Time for a bit of a winter cheese tasting and an update on how some of the cheeses have been progressing. First a huge disappointment – Navy surplus, this is one of my new cheeses. It is not based on a historical concept but I hope to include a blue cheese into my portfolio of recipes, the imagined back story for it being a cheese that was left over after the Suffolk Bang was banned from sale to the Navy and miraculously it turned out to be a wonderful blue cheese.
When the cheeses were first out of the moulds and before buttering up there was a clear growth of pale blue and I was hopeful that good things were happening. I decided to do a compare and contrast, piercing one cheese and not piercing the other when the time came. Over the weeks of turning and shuffling I lost track of which was the pierced one and which was unpierced.

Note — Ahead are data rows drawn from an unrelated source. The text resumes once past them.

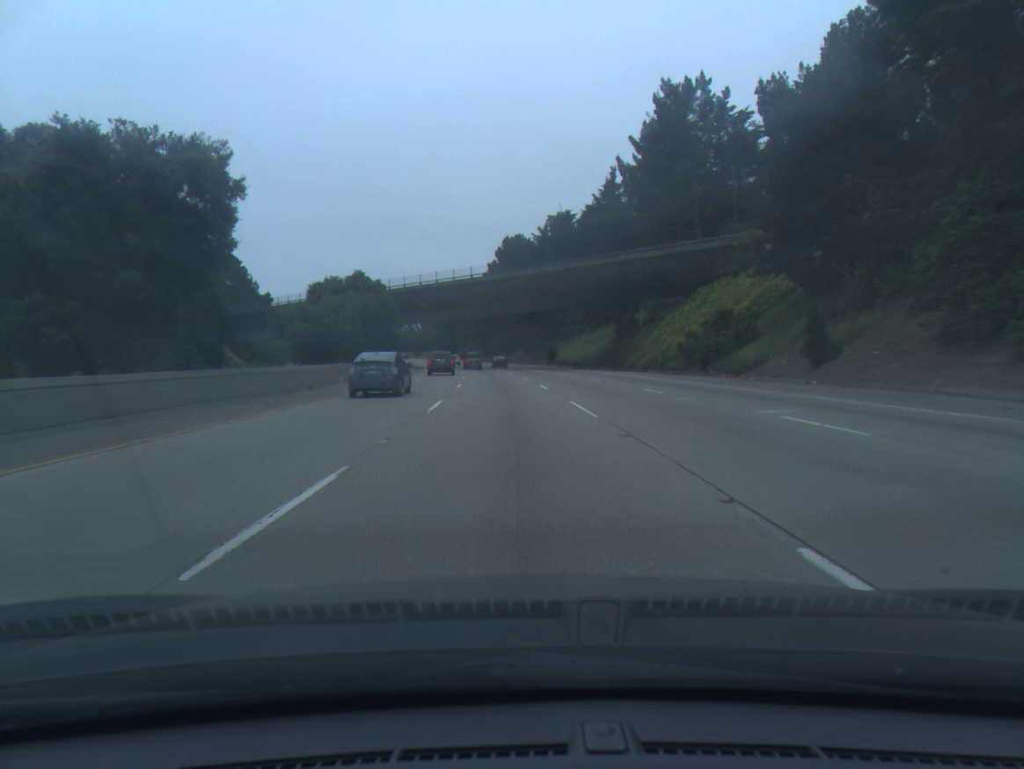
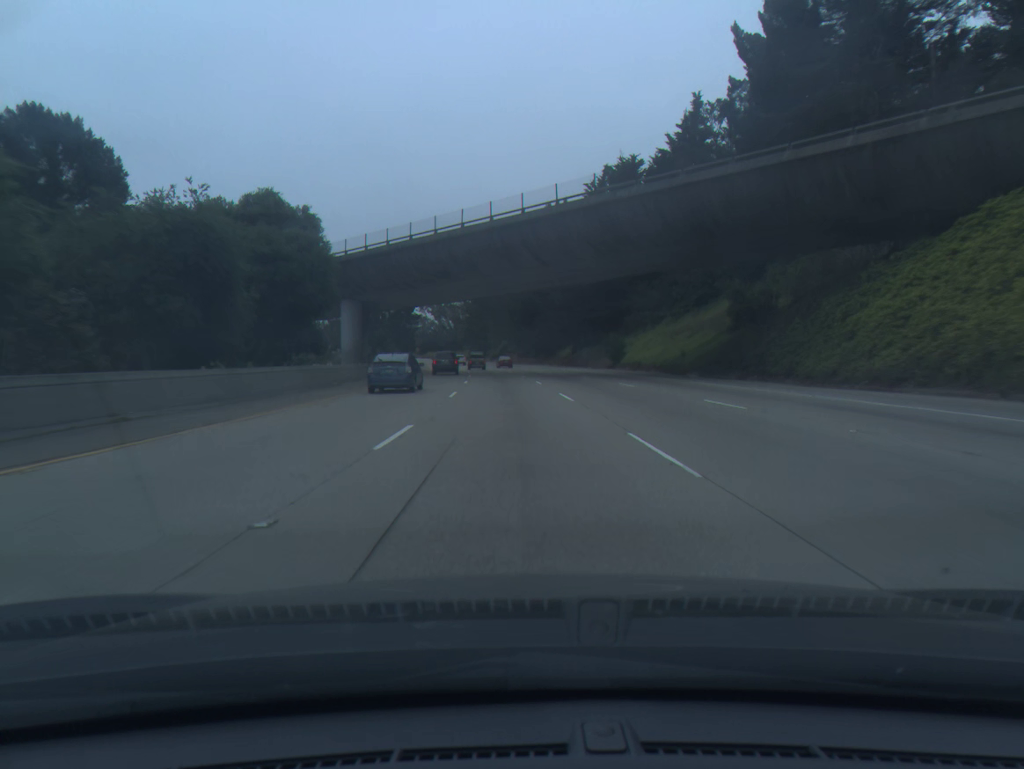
(-0.9, +37.3) m; -3°
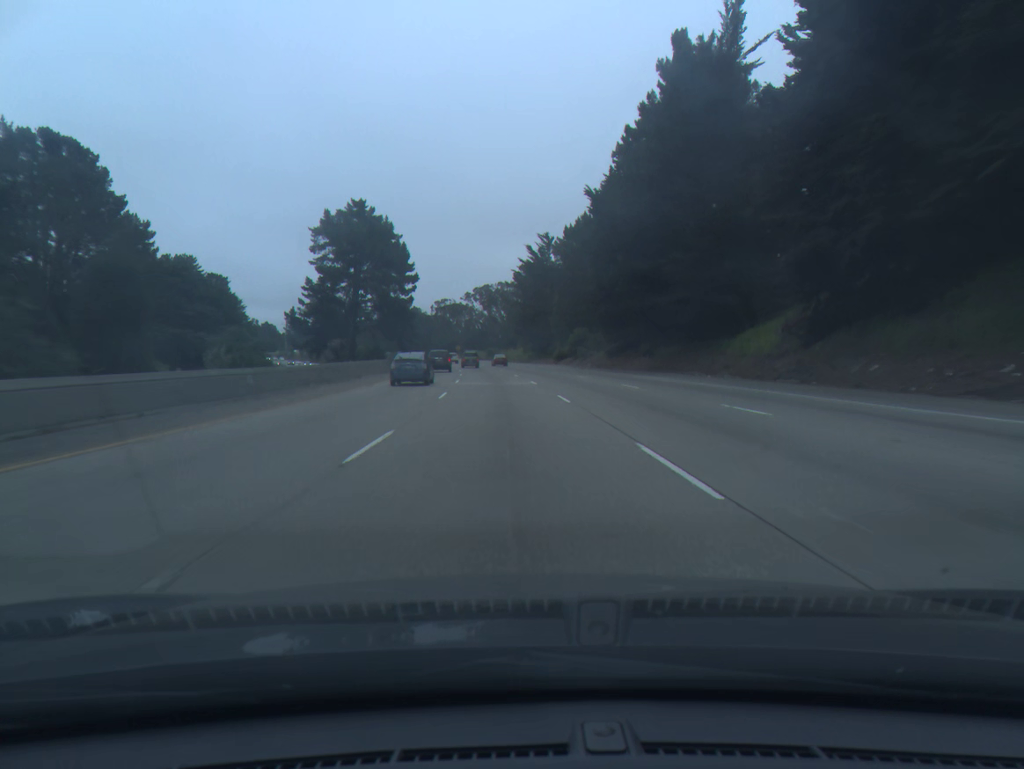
(-3.2, +74.6) m; -5°
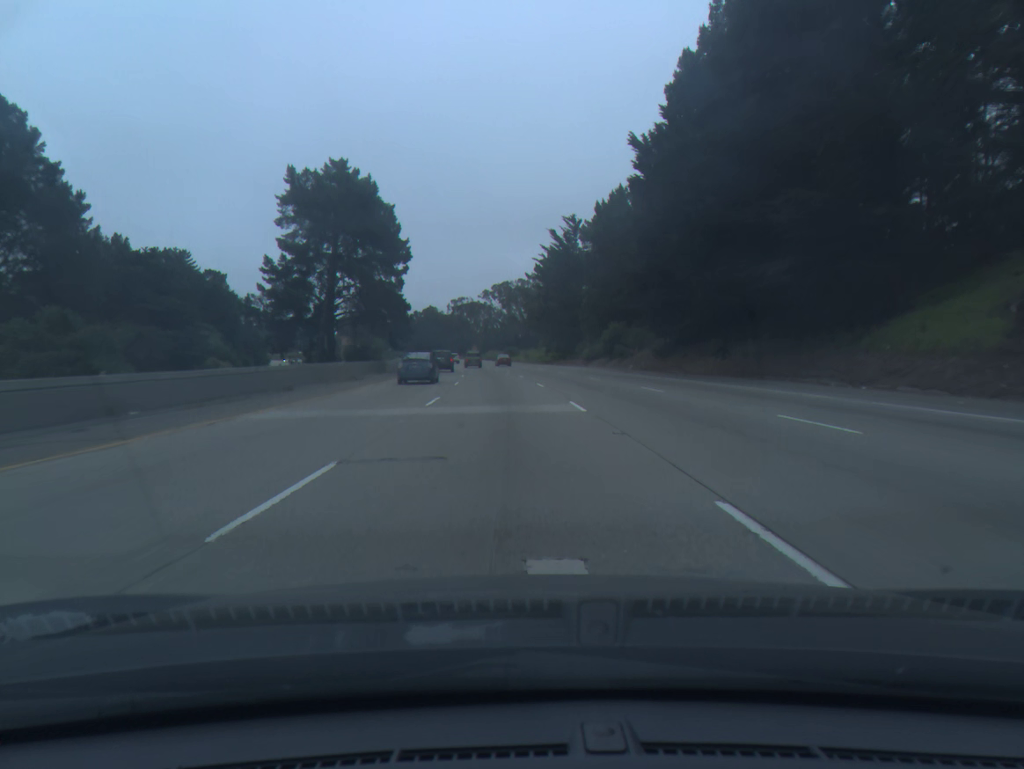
(-0.2, +18.7) m; -1°
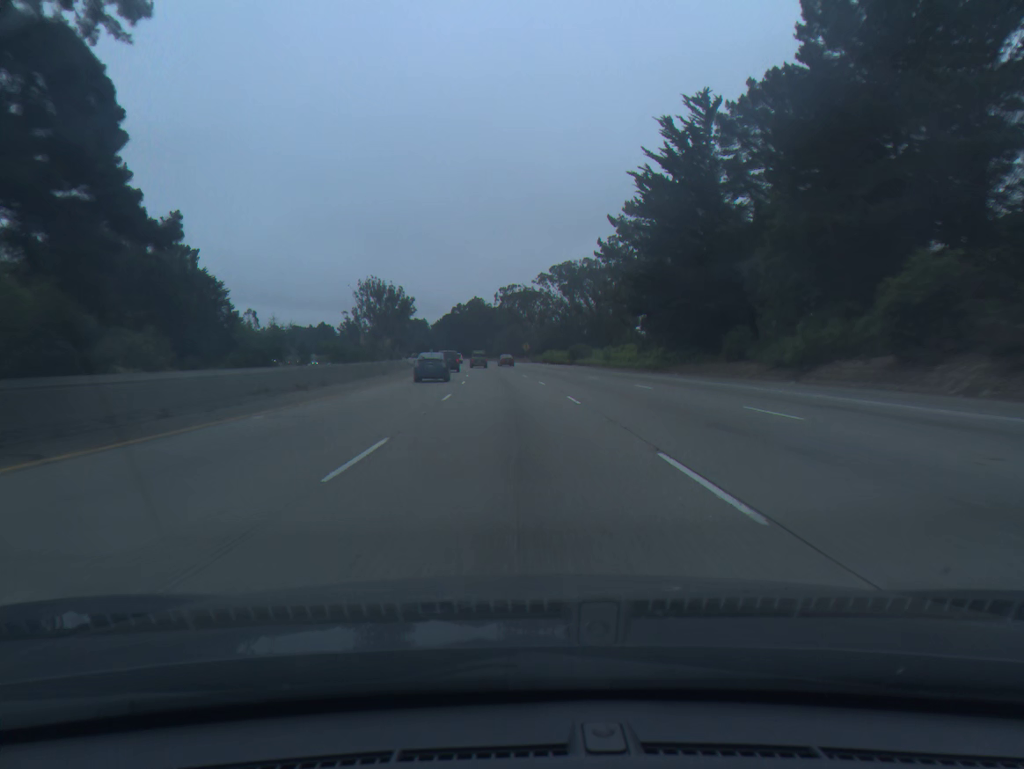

I cut into one cheese just before Christmas and no blue veining could be seen. The bad news came on cutting into the second cheese, no veins there either. The colour of the rind is sinister, very dark and the paste is also dark like caramel, making the whole thing look quite rotten (not selling this too hard am I?). As for flavour, the dog loves it, definitely her favourite, the slightest suggestion that the cheese safe is opening and she is there. The strange thing is it is mildly addictive, with a huge umami hit, that means you go back for just a little more. It is certainly robust and long on flavour, stands up well to strong pickles like piccalilli in rolls. However, it is definitely not what I was hoping to create so I will change my plans hugely for the next version!